One of the reasons this is so important is because many of the people that I work with are coming from faith backgrounds, and a very common message when faced with anxiety is to be told to simply not be anxious. After all, the apostle Paul in Philippians 4:6 declares this message, so why are you anxious is often the question put back on the person with anxiety. On many occasions I will be working with a new Christian client and they will tell me that one of the reasons they ultimately decided to come see a therapist was because they didn’t feel emotionally safe in their faith community to talk about this issue. Many tried talking to a pastor, or small group leader, or friend, only to feel like something was wrong with them or their faith based on the comments and suggestions that were given to them. I tackled this topic in an earlier post in this series, and I highly recommend you read it.
And faith issue aside, many people just struggle to reach out for help, so when you can normalize anxiety for someone who is anxious, I believe you offer them a huge gift. And in the process, what you are communicating is that your therapy room, and working with you is going to be a safe experience where they can truly be themselves, free of judgment, regardless of how much anxiety they may bring with them.
Reframe anxiety as an opportunity for growth.
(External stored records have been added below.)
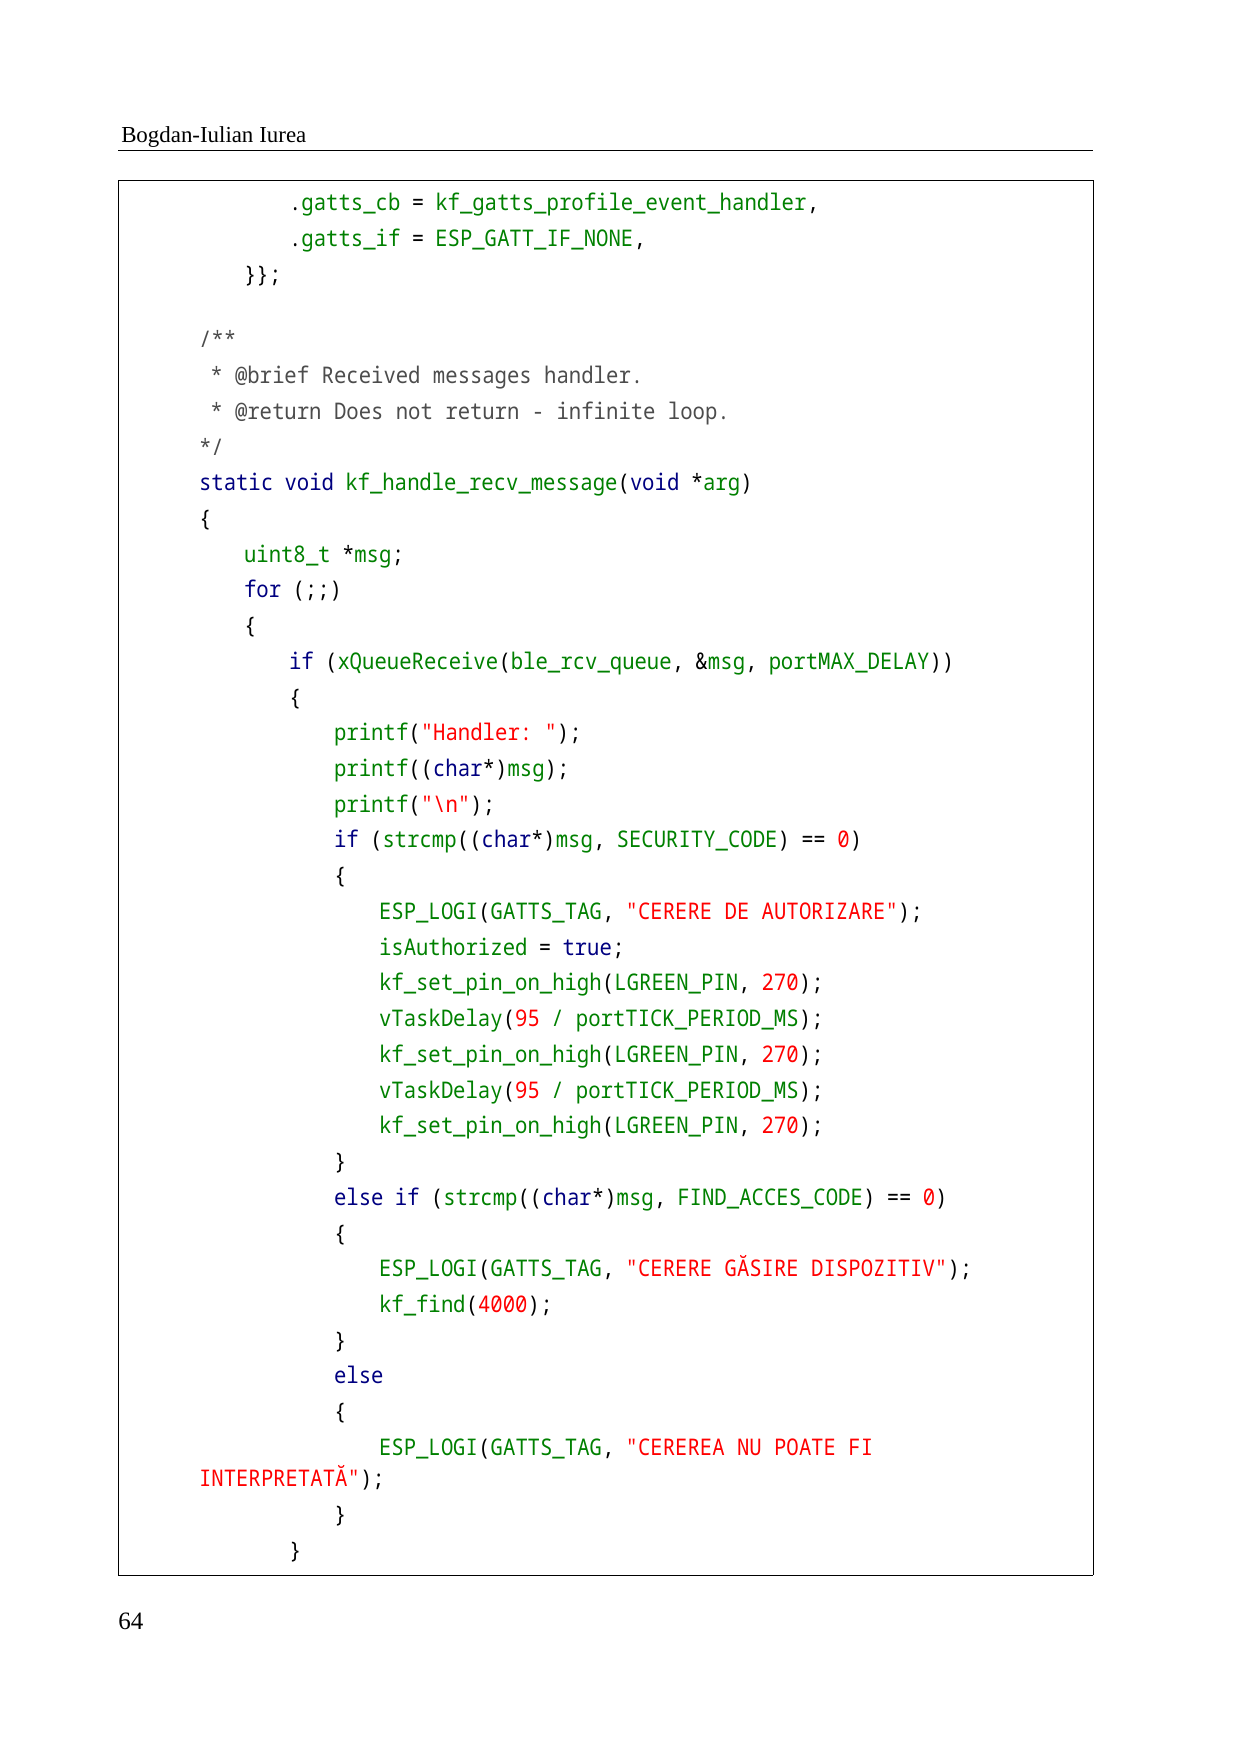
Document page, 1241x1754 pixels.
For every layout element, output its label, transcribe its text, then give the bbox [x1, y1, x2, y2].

table_header .gatts_cb = kf_gatts_profile_event_handler, .gatts_if = ESP_GATT_IF_NONE, }}; /** * @brief Received messages handler. * @return Does not return - infinite loop. */ static void kf_handle_recv_message(void *arg) { uint8_t *msg; for (;;) { if (xQueueReceive(ble_rcv_queue, &msg, portMAX_DELAY)) { printf("Handler: "); printf((char*)msg); printf("\n"); if (strcmp((char*)msg, SECURITY_CODE) == 0) { ESP_LOGI(GATTS_TAG, "CERERE DE AUTORIZARE"); isAuthorized = true; kf_set_pin_on_high(LGREEN_PIN, 270); vTaskDelay(95 / portTICK_PERIOD_MS); kf_set_pin_on_high(LGREEN_PIN, 270); vTaskDelay(95 / portTICK_PERIOD_MS); kf_set_pin_on_high(LGREEN_PIN, 270); } else if (strcmp((char*)msg, FIND_ACCES_CODE) == 0) { ESP_LOGI(GATTS_TAG, "CERERE GĂSIRE DISPOZITIV"); kf_find(4000); } else { ESP_LOGI(GATTS_TAG, "CEREREA NU POATE FI INTERPRETATĂ"); } } [119, 181, 1093, 1575]
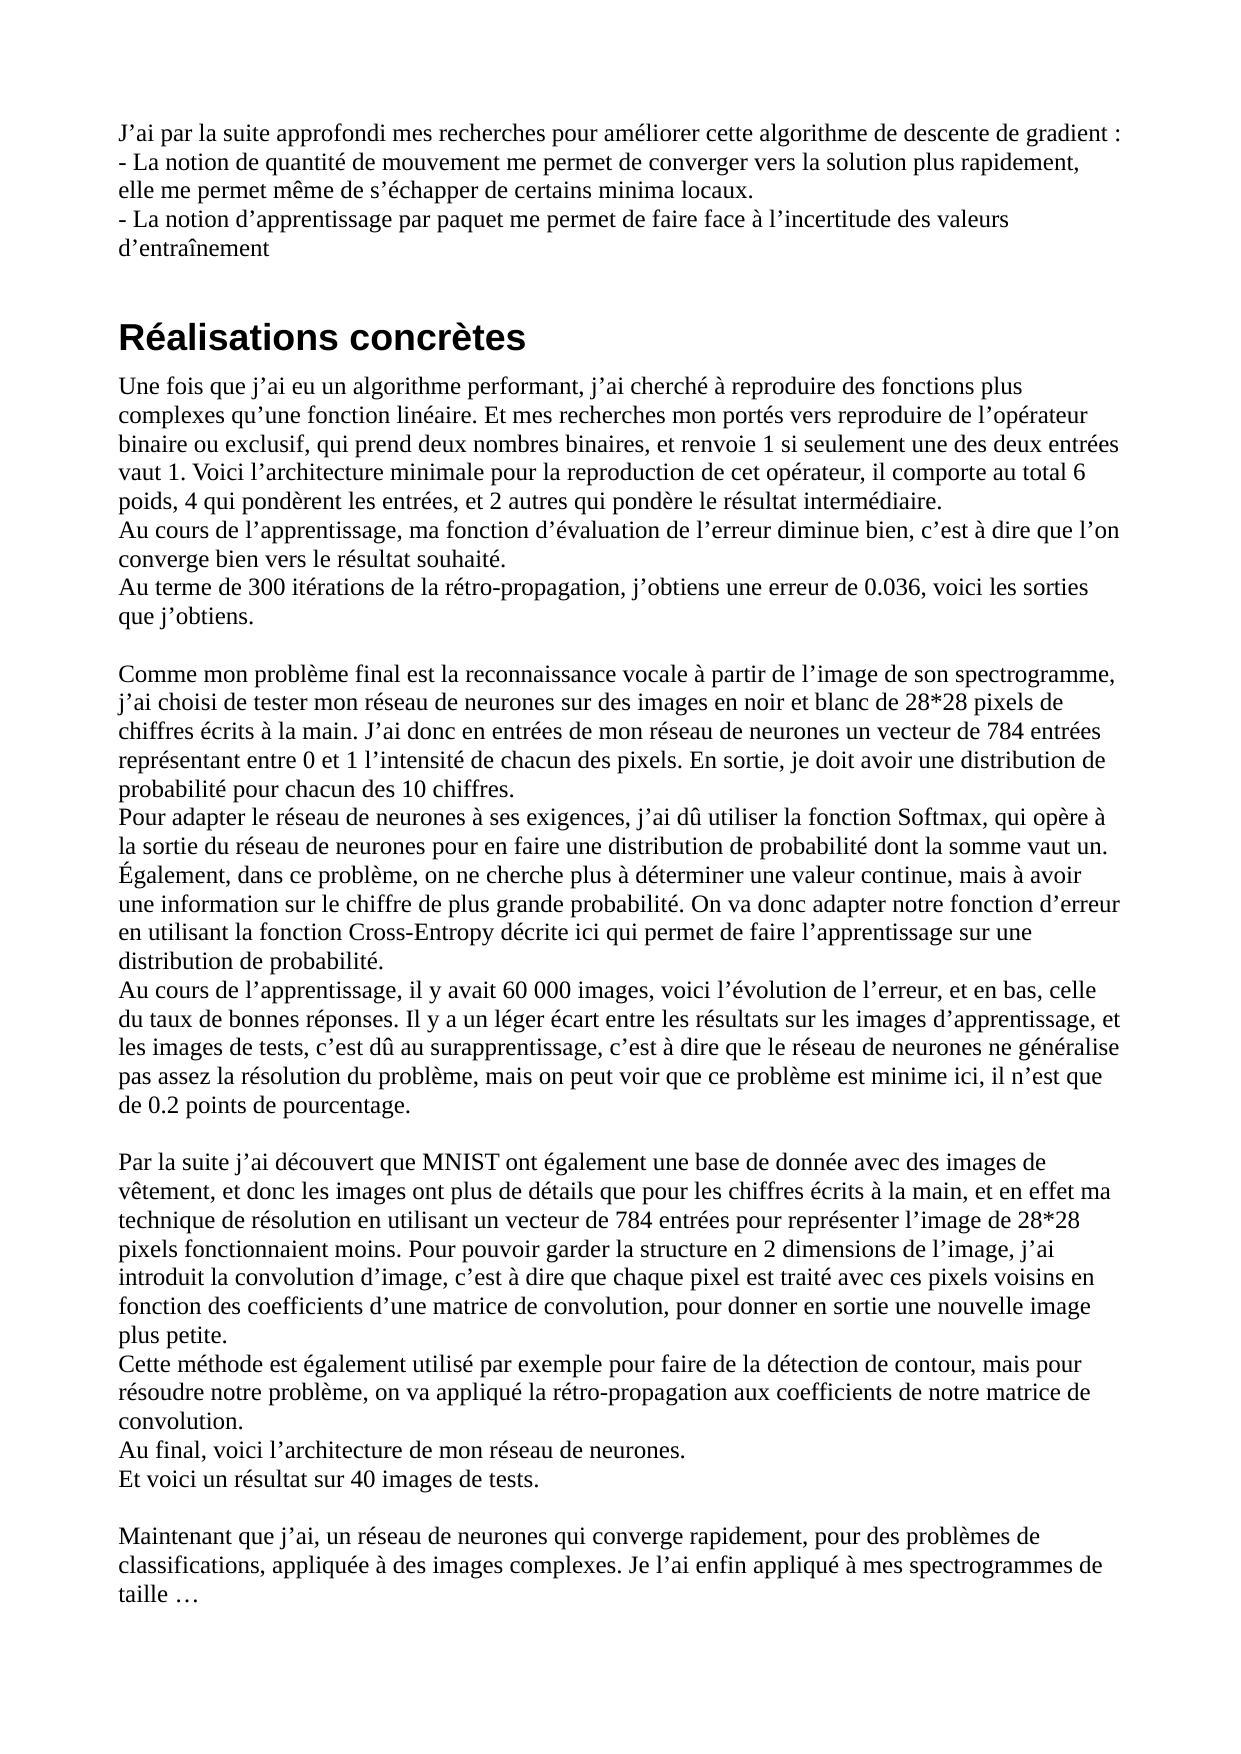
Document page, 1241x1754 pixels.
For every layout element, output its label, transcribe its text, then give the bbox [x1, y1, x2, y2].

text Une fois que j’ai eu un algorithme performant, j’ai cherché à reproduire des fonctions plus complexes qu’une fonction linéaire. Et mes recherches mon portés vers reproduire de l’opérateur binaire ou exclusif, qui prend deux nombres binaires, et renvoie 1 si seulement une des deux entrées vaut 1. Voici l’architecture minimale pour la reproduction de cet opérateur, il comporte au total 6 poids, 4 qui pondèrent les entrées, et 2 autres qui pondère le résultat intermédiaire. [118, 371, 1122, 515]
text Au cours de l’apprentissage, ma fonction d’évaluation de l’erreur diminue bien, c’est à dire que l’on converge bien vers le résultat souhaité. [118, 515, 1122, 572]
text Pour adapter le réseau de neurones à ses exigences, j’ai dû utiliser la fonction Softmax, qui opère à la sortie du réseau de neurones pour en faire une distribution de probabilité dont la somme vaut un. [118, 802, 1122, 860]
text Maintenant que j’ai, un réseau de neurones qui converge rapidement, pour des problèmes de classifications, appliquée à des images complexes. Je l’ai enfin appliqué à mes spectrogrammes de taille … [118, 1521, 1122, 1607]
subtitle Réalisations concrètes [118, 316, 1122, 359]
text - La notion d’apprentissage par paquet me permet de faire face à l’incertitude des valeurs d’entraînement [118, 204, 1122, 262]
text Au cours de l’apprentissage, il y avait 60 000 images, voici l’évolution de l’erreur, et en bas, celle du taux de bonnes réponses. Il y a un léger écart entre les résultats sur les images d’apprentissage, et les images de tests, c’est dû au surapprentissage, c’est à dire que le réseau de neurones ne généralise pas assez la résolution du problème, mais on peut voir que ce problème est minime ici, il n’est que de 0.2 points de pourcentage. [118, 975, 1122, 1119]
text - La notion de quantité de mouvement me permet de converger vers la solution plus rapidement, elle me permet même de s’échapper de certains minima locaux. [118, 147, 1122, 204]
text Par la suite j’ai découvert que MNIST ont également une base de donnée avec des images de vêtement, et donc les images ont plus de détails que pour les chiffres écrits à la main, et en effet ma technique de résolution en utilisant un vecteur de 784 entrées pour représenter l’image de 28*28 pixels fonctionnaient moins. Pour pouvoir garder la structure en 2 dimensions de l’image, j’ai introduit la convolution d’image, c’est à dire que chaque pixel est traité avec ces pixels voisins en fonction des coefficients d’une matrice de convolution, pour donner en sortie une nouvelle image plus petite. [118, 1147, 1122, 1349]
text J’ai par la suite approfondi mes recherches pour améliorer cette algorithme de descente de gradient : [118, 118, 1122, 147]
text Également, dans ce problème, on ne cherche plus à déterminer une valeur continue, mais à avoir une information sur le chiffre de plus grande probabilité. On va donc adapter notre fonction d’erreur en utilisant la fonction Cross-Entropy décrite ici qui permet de faire l’apprentissage sur une distribution de probabilité. [118, 860, 1122, 975]
text Et voici un résultat sur 40 images de tests. [118, 1464, 1122, 1492]
text Au terme de 300 itérations de la rétro-propagation, j’obtiens une erreur de 0.036, voici les sorties que j’obtiens. [118, 572, 1122, 630]
text Au final, voici l’architecture de mon réseau de neurones. [118, 1435, 1122, 1464]
text Comme mon problème final est la reconnaissance vocale à partir de l’image de son spectrogramme, j’ai choisi de tester mon réseau de neurones sur des images en noir et blanc de 28*28 pixels de chiffres écrits à la main. J’ai donc en entrées de mon réseau de neurones un vecteur de 784 entrées représentant entre 0 et 1 l’intensité de chacun des pixels. En sortie, je doit avoir une distribution de probabilité pour chacun des 10 chiffres. [118, 659, 1122, 802]
text Cette méthode est également utilisé par exemple pour faire de la détection de contour, mais pour résoudre notre problème, on va appliqué la rétro-propagation aux coefficients de notre matrice de convolution. [118, 1349, 1122, 1435]
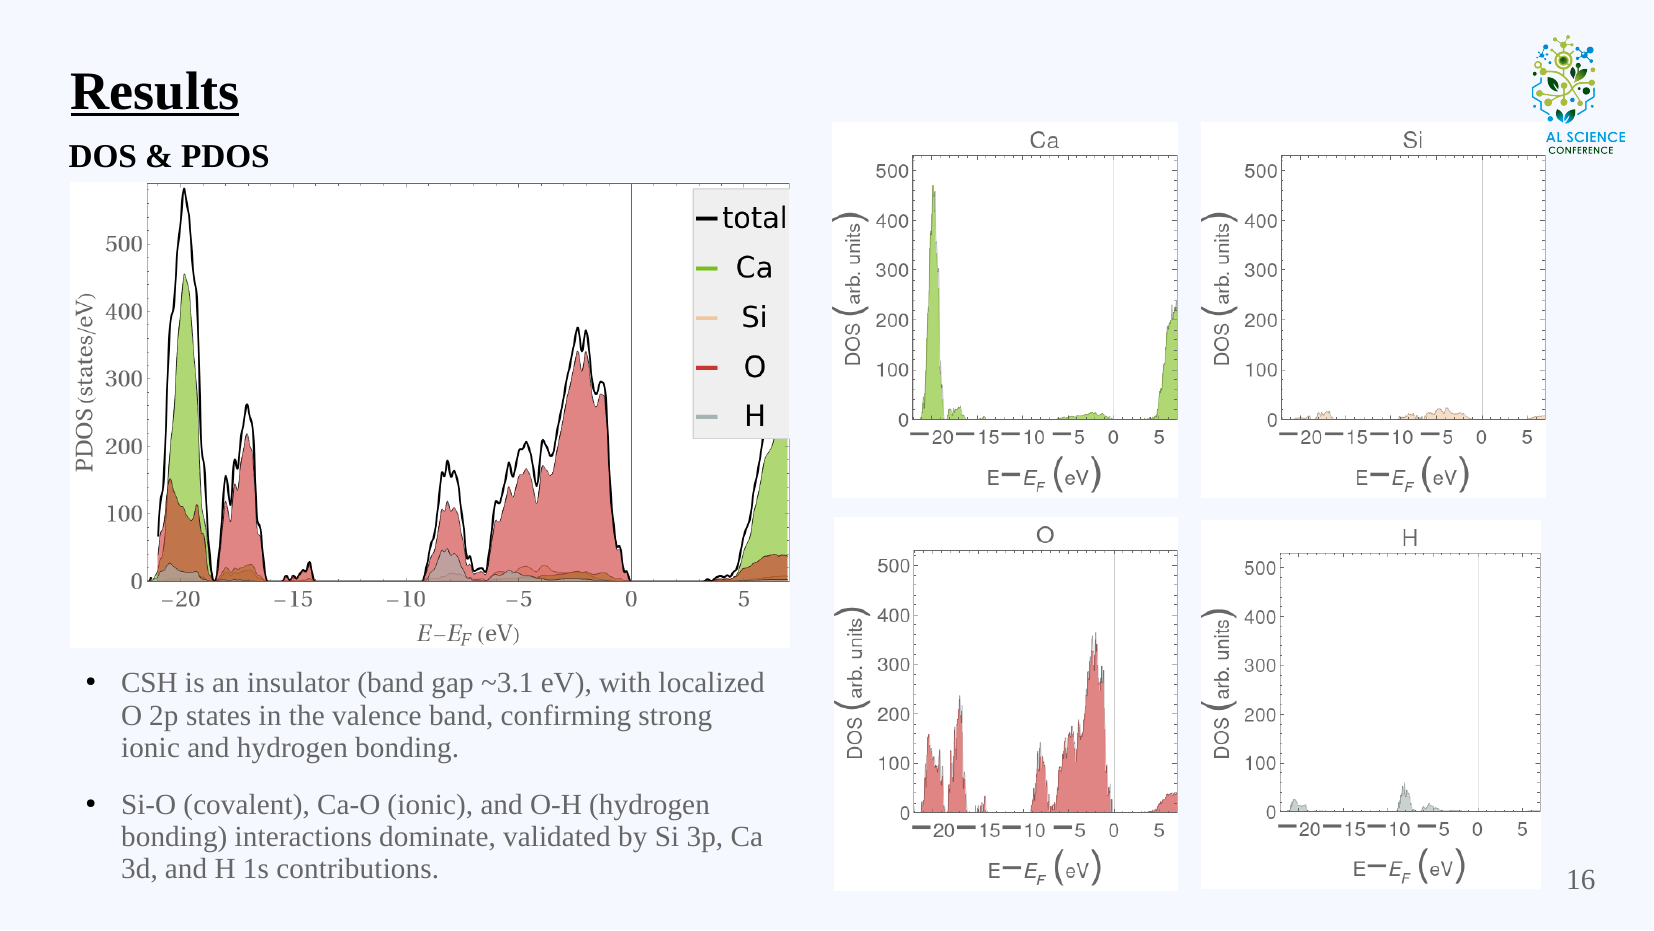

As I wrote in an earlier post, anxiety is information that gives us clues about what is going on inside and outside. It tells us about the state of our internal lives such as struggles we have with identity and personhood, as well as telling us about the state of our external struggles as we wrestle with safety and relationships. But none of this is accessible unless the person you are working with believes that the anxiety they suffer from can actually be used in a redeeming matter. Anxiety is either moving us towards health and growth, or it’s moving us towards unhealth and destruction. So how we cue into anxiety will often determine which direction we will be going.
When I tell clients that their anxiety can be used as an opportunity for growth, you should see their eyes light up. They respond with either a hopeful word because it’s the best news they have heard all day, or they respond with a too good to be true look…after all, anxiety brought them into therapy so how could it be good. But as the therapist, you have the opportunity to guide them on a journey to growth as you help them listen to their anxiety.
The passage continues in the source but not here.